← /how-to/

How to enrich HubSpot company records with AI

4,000 companies that are a name, a domain, and nothing else. The fix: pull them down as files, your agent researches each one, you approve every field. Try it now free → or book a demo with Curtis

Open a company record in your portal and count what is actually in it: a name, a domain, and a column of blank properties. Now multiply by 4,000. Your routing rules key on industry, your segmentation keys on a custom property, your reporting groups by fields that are empty on most of the database, so every list you build starts with "where industry is known" and quietly drops the companies you worked hardest to get. The strange part is that the missing information is not hidden. Most of it sits on each company's own website, one tab away. What you do not have is a way to read 4,000 websites.
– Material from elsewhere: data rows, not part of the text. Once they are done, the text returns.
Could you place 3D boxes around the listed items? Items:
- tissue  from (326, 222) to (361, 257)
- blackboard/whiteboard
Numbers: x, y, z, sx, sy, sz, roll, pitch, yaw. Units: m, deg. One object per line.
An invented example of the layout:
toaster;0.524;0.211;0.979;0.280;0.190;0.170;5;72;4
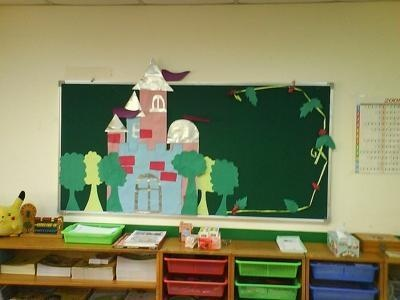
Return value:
tissue ;1.106;0.727;3.295;0.188;0.182;0.254;1;-1;0
blackboard/whiteboard;-0.050;-0.024;3.484;2.286;0.994;0.032;1;0;3
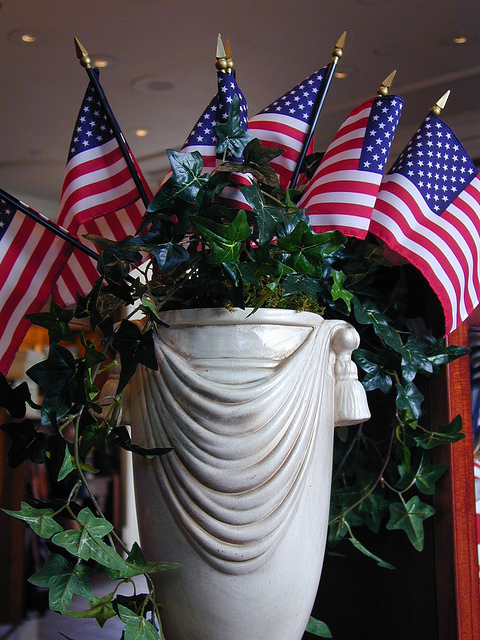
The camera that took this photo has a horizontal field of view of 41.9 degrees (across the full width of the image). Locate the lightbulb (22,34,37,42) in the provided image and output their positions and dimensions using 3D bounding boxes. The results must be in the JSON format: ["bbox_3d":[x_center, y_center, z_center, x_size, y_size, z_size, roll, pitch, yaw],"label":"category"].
[{"bbox_3d":[-1.128,-1.512,3.372,0.081,0.025,0.068,9,12,29],"label":"lightbulb"}]

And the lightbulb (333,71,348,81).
[{"bbox_3d":[0.614,-1.479,3.804,0.079,0.042,0.085,5,11,9],"label":"lightbulb"}]

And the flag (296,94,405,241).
[{"bbox_3d":[0.127,-0.188,0.754,0.111,0.173,0.152,6,12,15],"label":"flag"}]

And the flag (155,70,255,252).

A web-capable AI agent can. Give it the records and it reads each company's site, drafts the description, the industry, and the custom properties your segmentation keys on, and notes a source for every field it fills, with nothing reaching your CRM until you approve the record. That approval step is where the options below split: coverage and cost vary, but the sharpest difference is whether anyone shows you the filled-in value before it becomes the thing your routing believes.

Your options

An enrichment vendor

The vendor category exists because firmographics at scale are hard, and a good database is genuinely good at them. Headcount, revenue, funding: for those, a maintained database beats anything an agent reads off the open web, and the better vendors offer per-field rules, fill-if-blank or overwrite, plus scheduled re-enrichment. The trades are structural. You pay in credits whether or not a match was useful, coverage thins exactly where your blanks live, among the small and long-tail companies, the data is a snapshot of the vendor's database rather than the company's live website, and the write happens automatically on a domain match. Nobody puts the new value in front of you first, and the vendor's industry taxonomy is not your Industry dropdown.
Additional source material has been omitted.